Reed’s affection for the Los Feliz/Silverlake area of Los Angeles prompted other location choices, including the longtime Silverlake live music venue Spaceland. Reed, a musician himself, had performed with bands there and had also gone to see many music acts there over the years. In the film, Allison and her band, Munchausen By Proxy, perform at Spaceland while a bemused Carl watches from the bar.
© Warner Bros. Pictures
“I like the personal connection I had to several of the locations, and I also appreciated that we could explore and present some of the less photographed areas of Los Angeles,” says Reed, who blended the lesser-known locations with iconic sites such as the Hollywood Bowl and Griffith Park Observatory.
“The Bowl is just fantastic and one of the most romantic places in L.A.,” observes Reed, who, along with Carrey, Deschanel and the film crew, spent two nights shooting at the historic venue. “This fantasy of being able to sneak into the empty Hollywood Bowl at night was something I couldn’t resist.”
As it turns out, the scene was suggested by Carrey, who admits, “I used to sneak into the Hollywood Bowl all the time, when I was 21 or something, playing at the Comedy Store. I snuck in there with a girl one night, so it was inspired by that. I loved reliving it.”
“It was so exciting to be on the stage at the Hollywood Bowl, when it was completely empty,” Deschanel reminisces. “It was a whole new experience for me, and something that most people will never have a chance to do.”

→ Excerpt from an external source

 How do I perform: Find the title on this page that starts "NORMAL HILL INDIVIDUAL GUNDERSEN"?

The Griffith Park Observatory was employed by the production for scenes involving Allison’s early morning exercise/photography class, held in the shadow of the Observatory’s familiar dome, in which she and the other joggers attempt to capture the scenery on the run. In one key scene, Carl arrives to meet Allison after an all-nighter with the boys. Hopped up on Red Bull, Carl bounds up to her, chattering away at a rapid fire pace, to the amusement of Allison and her students.
© Warner Bros. Pictures
A large ballroom at the Renaissance Hotel, near Hollywood Boulevard and Highland Avenue, was transformed into the self-help convention where Terrence Bundley presides, mesmerizing Carl, Nick and over 800 background artists, whipping them up into a frenzied chorus of “Yes!”

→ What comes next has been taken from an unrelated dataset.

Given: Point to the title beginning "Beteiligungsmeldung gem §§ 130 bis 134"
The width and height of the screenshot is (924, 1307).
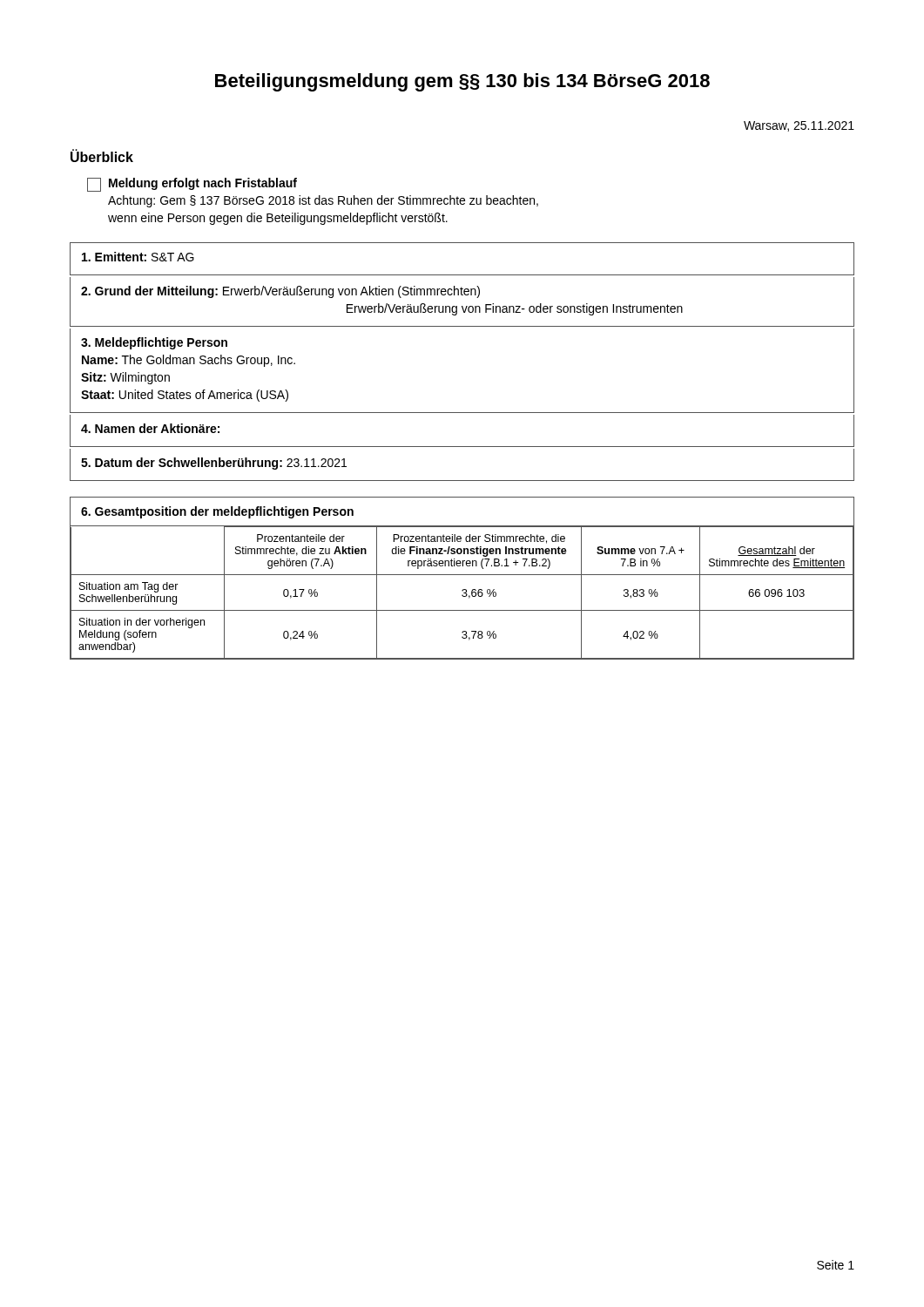Looking at the screenshot, I should 462,81.

And that’s not the only crowd scene. At one point in the film, Carl and Allison travel to Nebraska, where they end up at a University of Nebraska football game. The "Yes Man" scenes were shot at University of Nebraska-Lincoln’s Memorial Stadium, before a crowd of more than 84,000 Nebraska fans. Back in Los Angeles, the company shot corresponding portions of the scene with Carrey, Deschanel and over 700 extras at L.A.’s Memorial Coliseum. Cast and crew were awed as they entered the historic, cavernous arena, and many could not resist throwing a football around on the fabled field, including Carrey, dressed as a Cornhusker, who attempted a few punts as well.